### Stored data
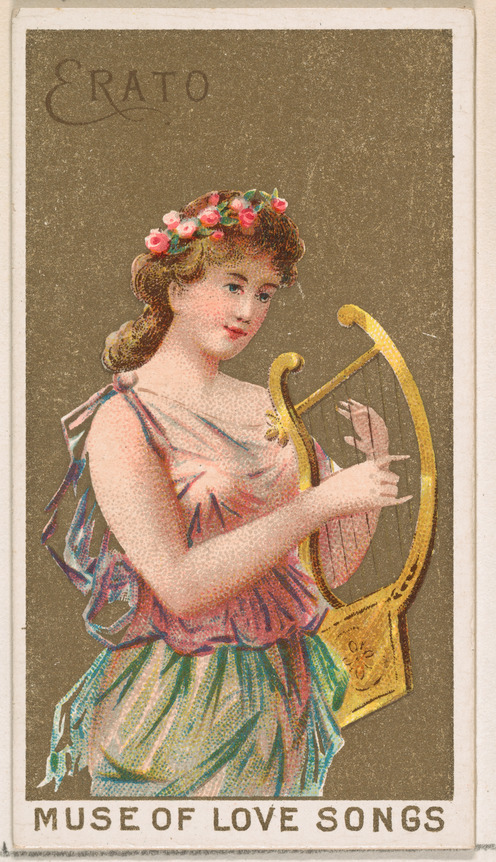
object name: print
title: Erato, Muse of Love Songs, from the Goddesses of the Greeks and Romans series (N188) issued by Wm. S. Kimball & Co.
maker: william s. kimball & company
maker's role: publisher
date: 1889
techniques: color lithograph
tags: women,lyres

### Description of the task
Please reproduce the entries above line by line, exactly, leaving out each image.

### Exercise answer
object name: print
title: Erato, Muse of Love Songs, from the Goddesses of the Greeks and Romans series (N188) issued by Wm. S. Kimball & Co.
maker: william s. kimball & company
maker's role: publisher
date: 1889
techniques: color lithograph
tags: women,lyres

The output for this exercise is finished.